NASA is baffled after failing to find any trace of India’s moon lander Chandrayaan-2, which mysteriously disappeared earlier this year after it crashed onto the lunar surface.
Things took a disastrous turn when India’s Chandrayaan-2 spacecraft attempted to land on the Moon on September 6. As it approached the Moon’s south pole, where it had planned to land in order to confirm the presence of water ice, the Indian Space Research Organisation (ISRO) lost contact with the machine. It was presumed the machine crashed into lunar surface but after more than a month of searching, there has been no evidence of Chandrayaan-2 found.
Chairman of ISRO, Kailasavadivoo Sivan, had earlier said the space agency had used thermal imaging to locate the lander, which is nicknamed Vikram, in a crater.
However, a NASA-led search has yielded no results.
Conspiracy theorists quickly jumped to suggest aliens were responsible for the missing Vikram but NASA had a more reasonable response – scientists are looking in the wrong place.
Noah Edward Petro, the Project Scientist for NASA’s Lunar Reconnaissance Orbiter, told Press Trust of India: “The Lunar Reconnaissance Orbiter imaged the area of the targeted Chandrayaan-2 Vikram landing site on October 14 but did not observe any evidence of the lander.”
John Keller, Deputy Project Scientist LRO Mission, said: “It is possible that Vikram is located in a shadow or outside of the search area. Because of the low latitude, approximately 70 degrees south, the area is never completely free of shadows.”
The Chandrayaan-2, which cost roughly $140million (£114million), was intended to study moon craters which are thought to contain water deposits.

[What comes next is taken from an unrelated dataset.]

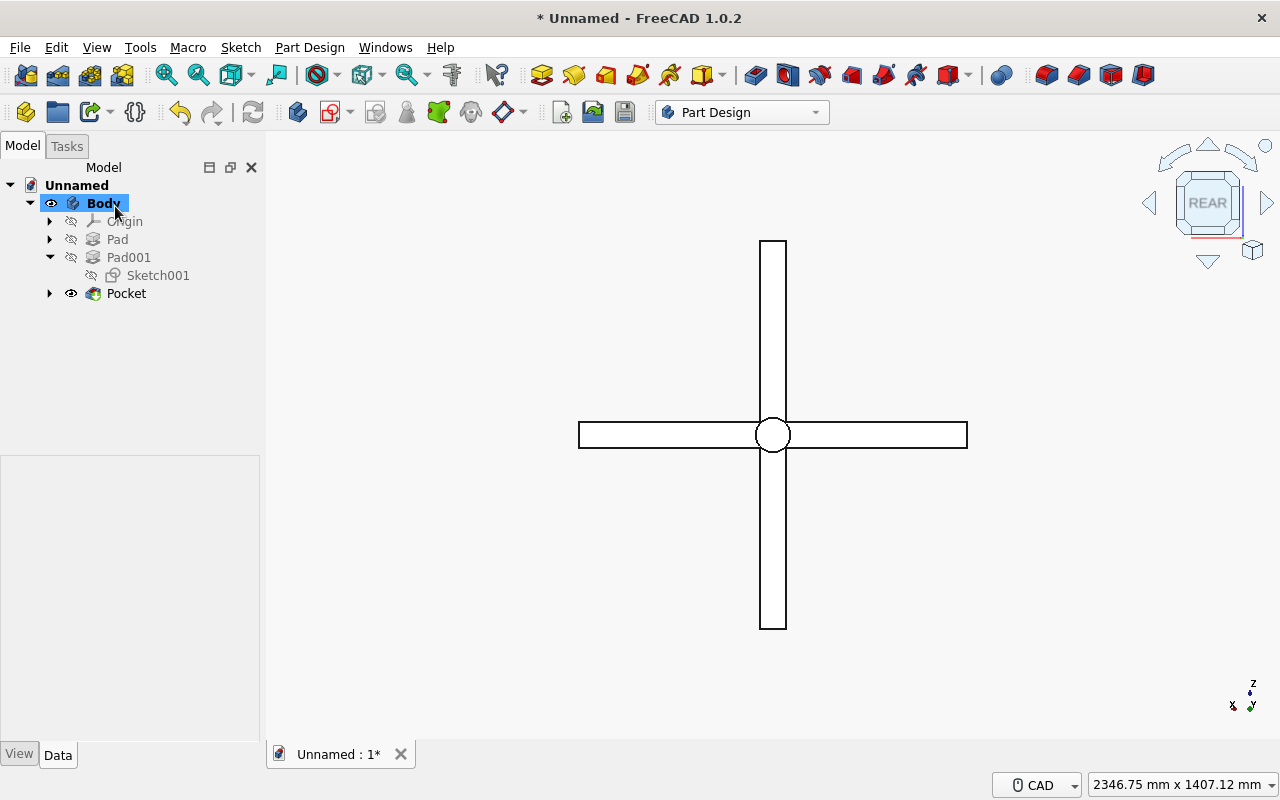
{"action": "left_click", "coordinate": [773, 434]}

The permanent craters were confirmed by the Chandrayaan-1 mission in 2008.
It is not clear what damage the lander suffered during its descent.

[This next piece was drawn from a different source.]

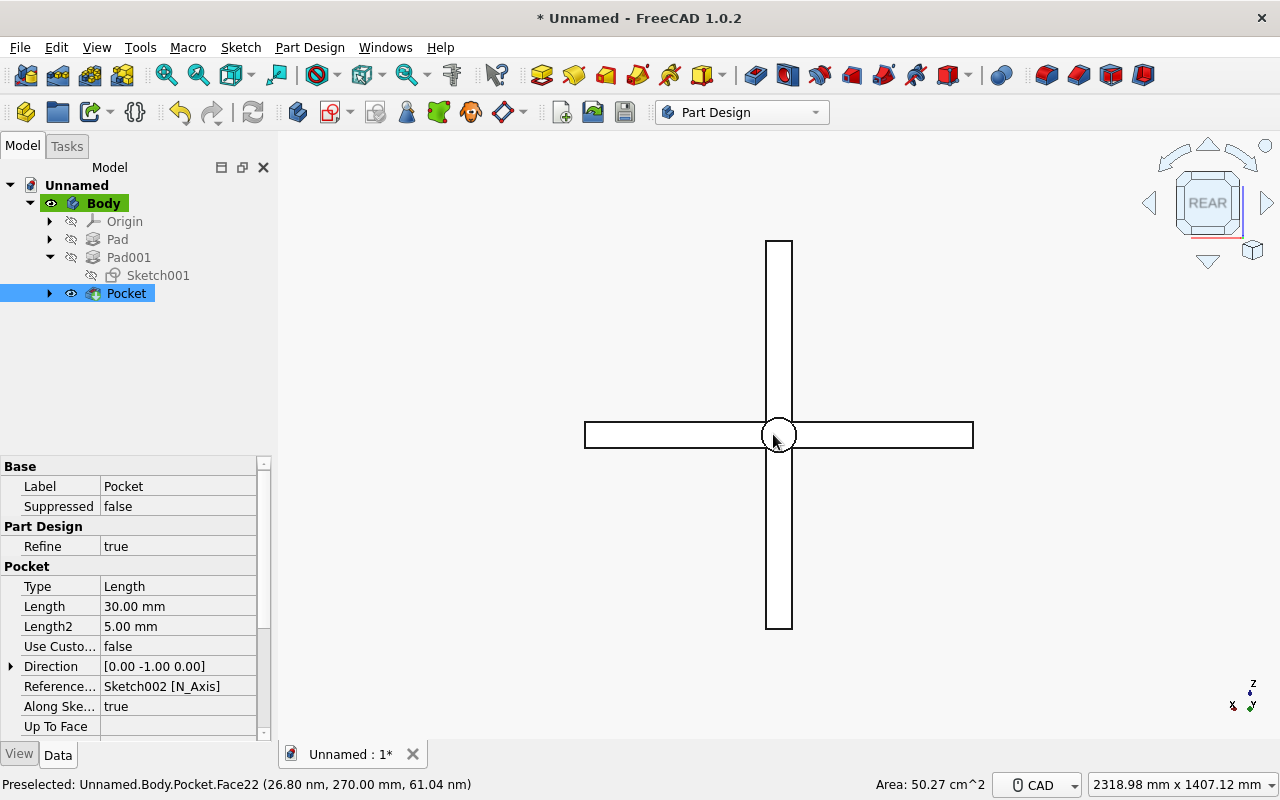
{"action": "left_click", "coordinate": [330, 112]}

So far, the US, Russia and China are the only countries to have successfully landed on the Moon’s surface.
Earlier this year, Israel’s unscrewed Beresheet spacecraft suffered an unfortunate blow after crashing during a Moon landing attempt.
The Chandrayaan-2 spacecraft carrying the Vikram lander launched from Sriharikota in southern India on July 22.
India’s first lunar mission, Chandrayaan-1 orbited the moon in 2008 but did not land.
Now, a British firm Spacebit – a London-based startup – plans to launch its robotic “crawler” to the moon by 2021, making it the first time the UK will get to the moon, if all goes to plan.
Spacebit is working in conjunction with US firm Astrobotic which was rewarded a $79.5m (£65m) contract to transport 14 instruments to the lunar surface.
The British firm has high ambitions for when it reaches the moon, including helping to set up a permanent base.